28 février 2007

(BD) Who do you think you are, Charlie Brown ?

Trouvé sur eBay où je glandouillais grabatairement, voici un tome au format poche dessiné par notre ami Charlies M. SCHULZ, et présenté ici dans la langue de Shakespeare (excusez du peu).

Outre une qualité d'impression qui nous renvoie tout de même en... 1970, eh oui ! la qualité des strips est vraiment au rendez-vous. C'est du Schulz grande époque, du Brown épique, du Linus qui pète la forme, de la Lucy qui crève l'écran, du Snoopy hilare.

Sally Brown, la petite sœur du héros éponyme, est encore un quadrupède inoffensif, qui fait ses siestes sur le dos du beagle. "Pig Pen", le garçon toujours cradingue, fait une ou deux apparitions. Linus, toujours lui, est omniprésent : il accomplit des miracles météorologiques, s'attache à sa couverture par une corde, fugue avec son baluchon, bâtit des châteaux de sable dignes de Gaudi.

Avantage incontestable de la version originale : les GOOD GRIEF et SIGH qui ponctuent le texte me paraissent à la fois intraduisibles et irremplaçables. Sans même parler des PTUI, CLOMP !, WHAM (non non, rien à voir avec... ), HAHAHAHA, HOHOHOHO, *SIGH* (avec les petites étoiles), Z (tout simplement), TINCKLE TINCKLE TINCKLE, MOO et WHOoOP !, POUNCE POUNCE, RIP ! SNARL ! TEAR ! ou GRAUGH, WHAP WAP WHAPPITY WHAP, POW POW... ... OH GOOD GRIEF !

:)


120 pages env., éd. Coronet Books - env. 5 € sur eBay

23 février 2007

(BD) Joe Cool déteste le dimanche après-midi

Comme il fait quand même très beau ces derniers temps, Snoopy sort ses lunettes de soleil et se prend pour Joe Cool.

« Les poulettes adorent les pulls à col roulé...

Voilà Joe Cool traînant près du dortoir un dimanche après-midi... Peut-être que je vais passer au club des étudiants voir ce qui se passe... Voilà Joe Cool traînant au club des étudiants, cherchant de l'action... Je vois qu'on rejoue
Citizen Kane... Je ne l'ai vu que ving-trois fois...

Peut-être que je vais pousser jusqu'à la bibli, voir qui est là. Flûte... pas de poulettes ! Peut-être que je vais aller jusqu'au gymnase faire quelques paniers... Si j'avais une caisse, j'irais faire un tour... Peut-être que je vais aller voir l'expo géologique... Je dois divaguer... regarder ces cailloux ? Dans tes rêves !

Voilà un type avec deux poulettes... comment fait-il ? Les feuilles commencent à tomber... Les soleil est chaud mais il fait frisquet à l'ombre.
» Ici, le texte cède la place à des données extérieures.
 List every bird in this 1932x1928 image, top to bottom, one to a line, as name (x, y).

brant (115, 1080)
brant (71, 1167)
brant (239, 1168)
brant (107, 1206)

Je me demande ce qui se passe à la maison... Peut-être que je devrais retourner au dortoir écrire quelques lettres... *HUM* Joe Cool déteste le dimanche après-midi... »
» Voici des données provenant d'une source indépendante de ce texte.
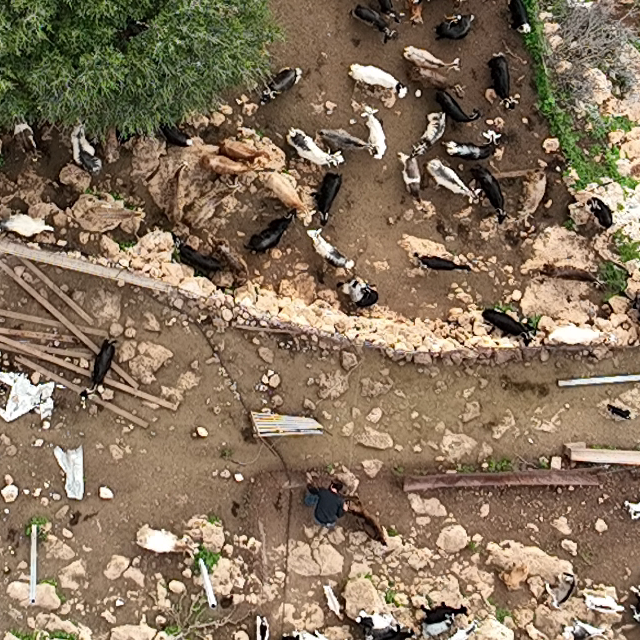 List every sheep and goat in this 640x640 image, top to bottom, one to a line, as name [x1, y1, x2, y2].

goat [371, 0, 405, 24]
goat [406, 0, 424, 27]
goat [450, 0, 480, 9]
goat [504, 0, 531, 33]
goat [352, 4, 394, 43]
goat [434, 13, 474, 40]
goat [404, 46, 461, 73]
goat [488, 53, 521, 110]
goat [348, 64, 407, 99]
goat [260, 66, 302, 106]
goat [409, 66, 464, 98]
goat [436, 90, 480, 123]
goat [361, 105, 387, 159]
goat [412, 111, 446, 158]
goat [12, 113, 42, 163]
goat [71, 120, 102, 177]
goat [157, 122, 194, 148]
goat [104, 123, 120, 164]
goat [285, 128, 339, 167]
goat [316, 129, 379, 156]
goat [444, 130, 500, 158]
goat [218, 139, 270, 162]
goat [396, 152, 432, 210]
goat [200, 154, 264, 176]
goat [425, 157, 482, 203]
goat [165, 160, 190, 223]
goat [471, 163, 507, 226]
goat [518, 169, 546, 223]
goat [263, 172, 316, 224]
goat [312, 173, 342, 227]
goat [182, 181, 244, 226]
goat [587, 195, 613, 227]
goat [80, 207, 146, 225]
goat [246, 207, 296, 253]
goat [0, 214, 55, 236]
goat [305, 228, 354, 272]
goat [206, 234, 250, 285]
goat [178, 243, 224, 273]
goat [412, 252, 472, 273]
goat [542, 264, 606, 289]
goat [347, 278, 379, 307]
goat [481, 309, 534, 347]
goat [549, 323, 618, 345]
goat [80, 337, 117, 399]
goat [0, 381, 9, 402]
goat [625, 492, 639, 520]
goat [354, 501, 388, 546]
goat [136, 524, 200, 559]
goat [504, 562, 528, 591]
goat [546, 571, 577, 609]
goat [323, 583, 341, 616]
goat [626, 585, 639, 621]
goat [580, 592, 625, 614]
goat [422, 601, 467, 625]
goat [356, 611, 393, 629]
goat [422, 613, 455, 637]
goat [254, 614, 270, 639]
goat [448, 619, 477, 639]
goat [574, 619, 607, 636]
goat [562, 625, 593, 639]
goat [367, 627, 414, 639]

Dans ce premier tome des éditions Hors Collection, pas mal de réflexion et d'introspection de la part des Peanuts. Et pas seulement de l'éternel dépressif Charlie Brown !
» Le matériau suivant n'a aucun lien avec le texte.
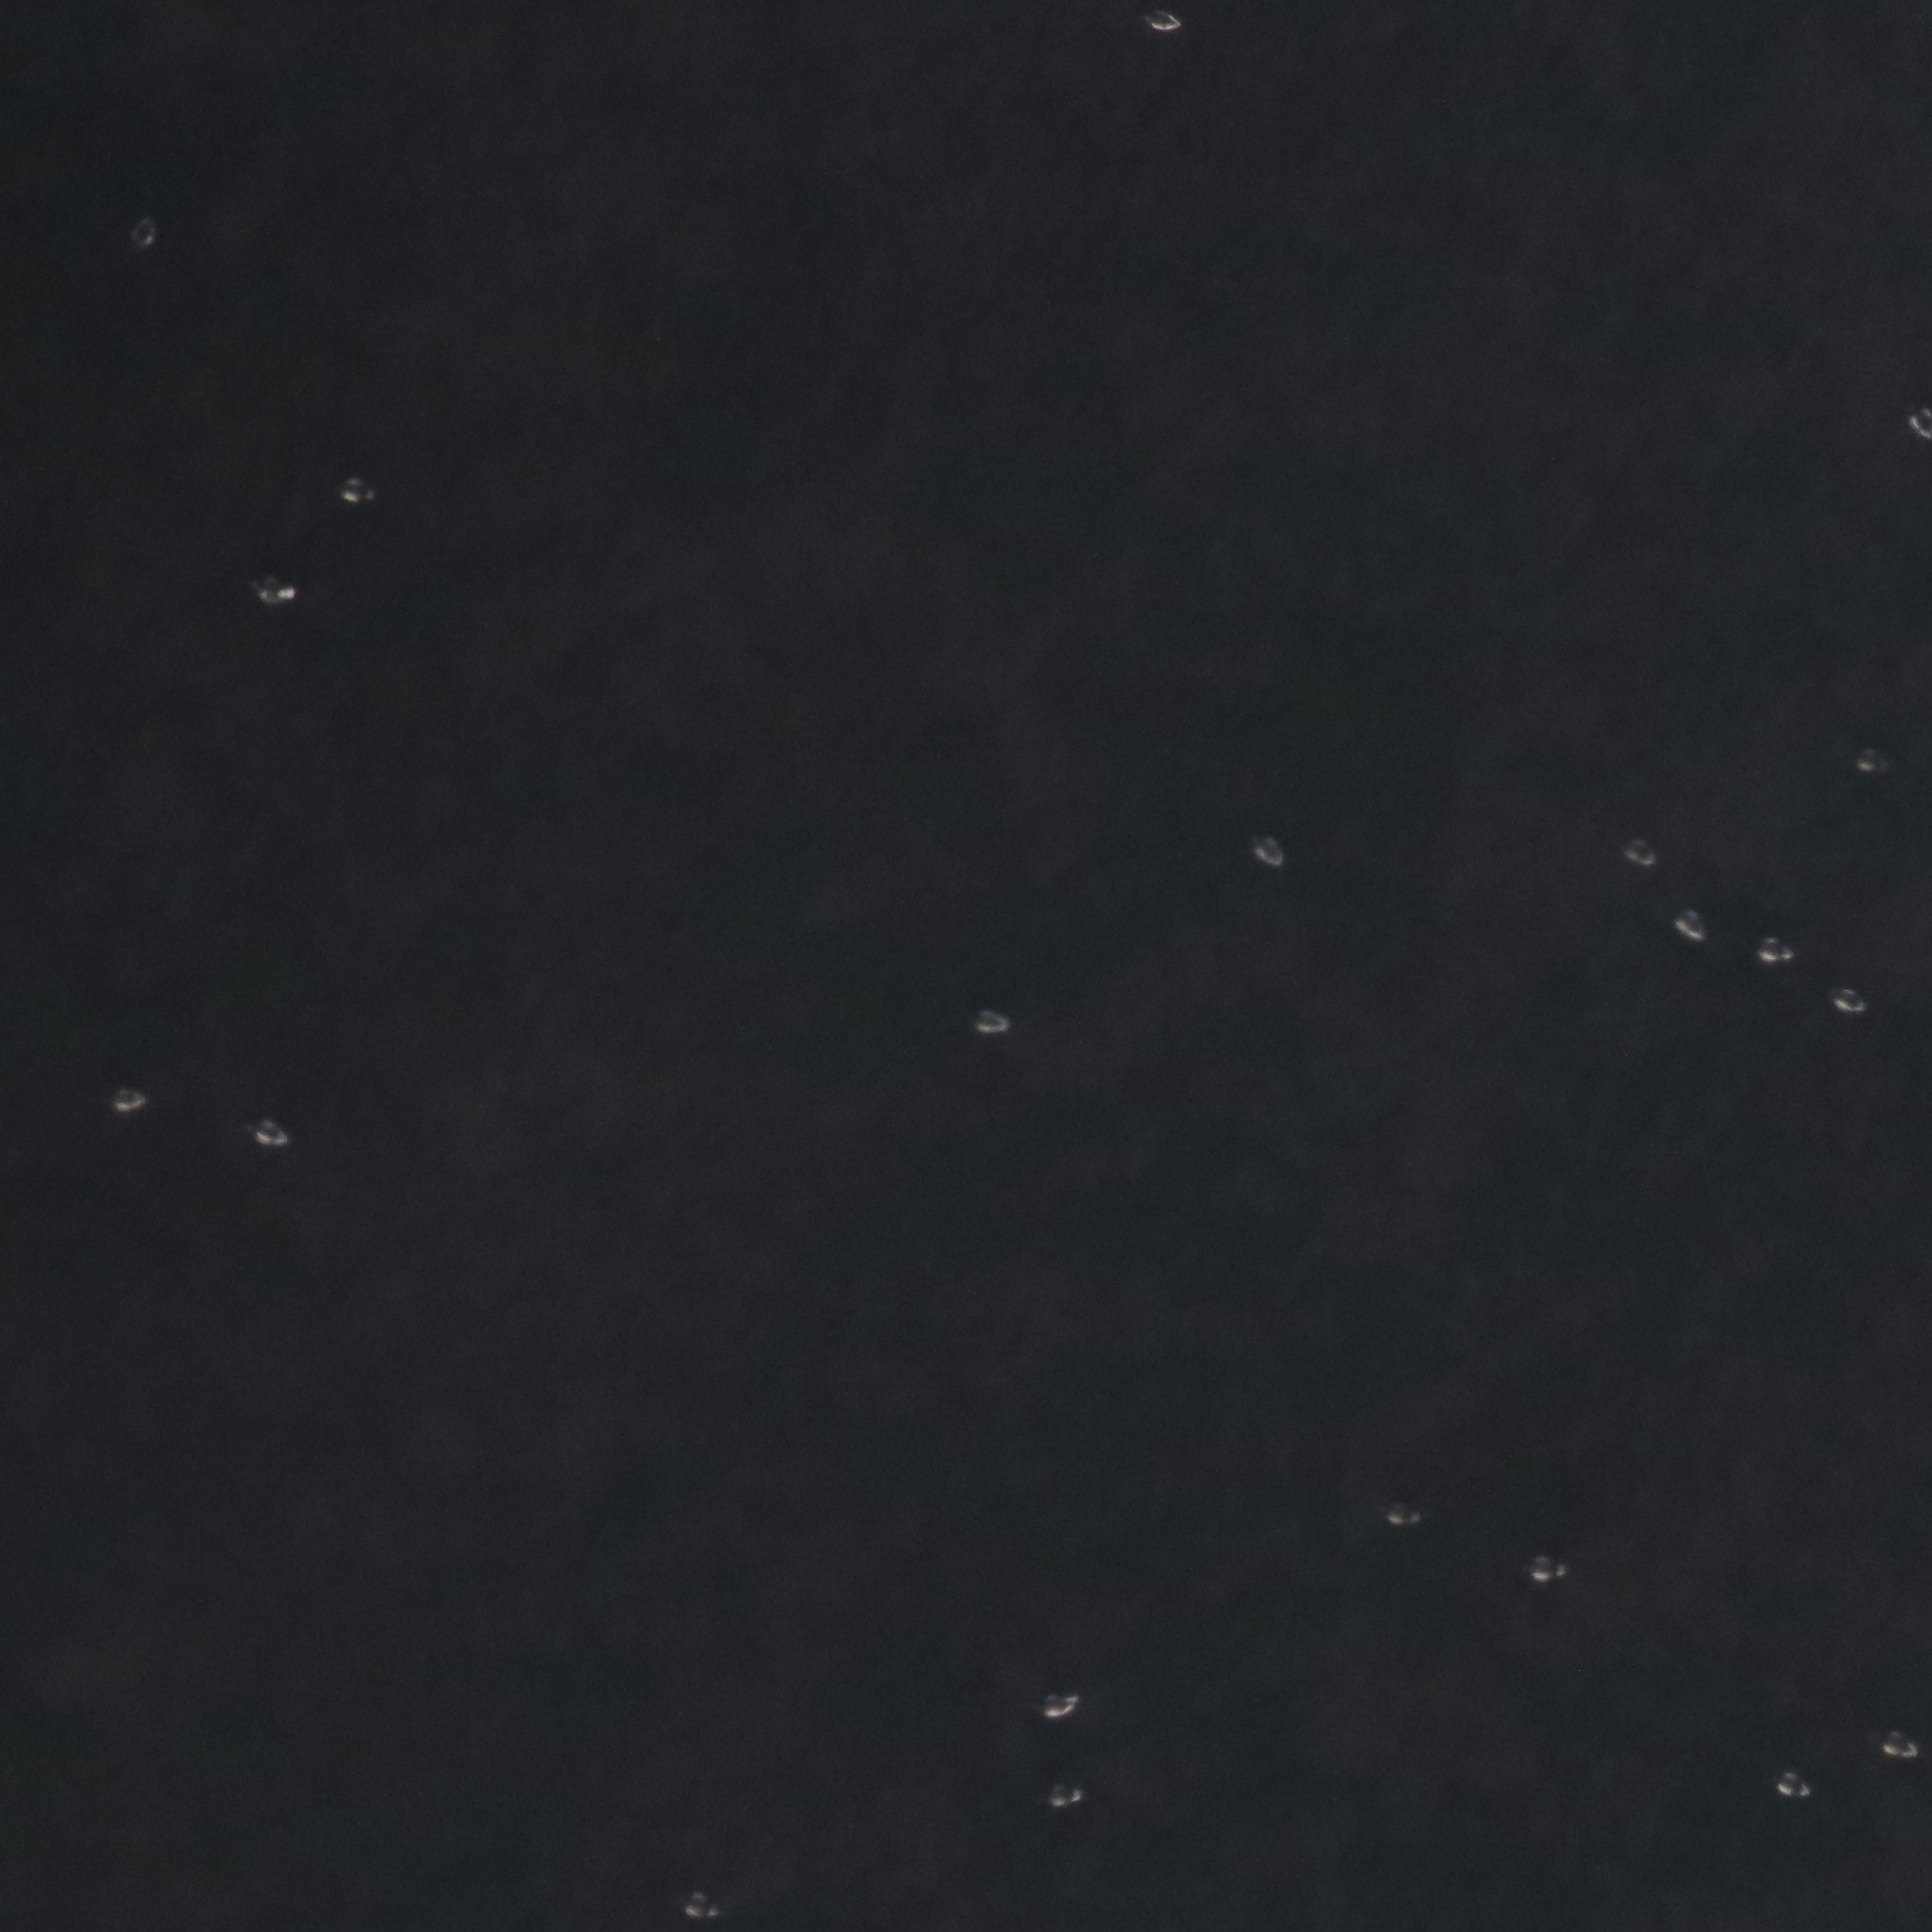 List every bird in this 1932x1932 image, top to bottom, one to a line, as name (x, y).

Peppermint Patty se fait virer de l'école parce qu'elle ne veut pas remplacer sa tenue habituelle (short et sandales) contre une robe d'écolière. Woodstock se brouille avec Snoopy, qui va se faire massacrer par le chat(on) du voisin. Lucy est pessimiste sur son avenir avec Schroeder. Linus apprend à se séparer de sa couverture bien-aimée. Sally Brown réfléchit à la valeur intrinsèque de l'évaluation sommative...

Dans l'une des planches, Charlie Brown fait part à Linus de son expérience de l'amour : son père lui a raconté une histoire très personnelle qui tend à montrer qu'on n'aime jamais que des souvenirs, et que l'amour au présent n'est qu'une illusion.

Très belle compilation du travail de Schulz, ce volume n'est malheureusement plus édité.


64 pages, éd. Hors Collection - env. 6 € en occasion
Je vous ai déjà présenté les tomes 3 et 5. Vous pouvez m'offrir les autres si vous voulez... :)

22 février 2007

Lettres à une disparue

Une lectrice assidue nous présente ce roman de Véronique MASSENOT :

Lettres à une disparue est un court roman par lettres écrit dans un style très simple pour laisser plus de place aux émotions. Car des émotions, il y en a.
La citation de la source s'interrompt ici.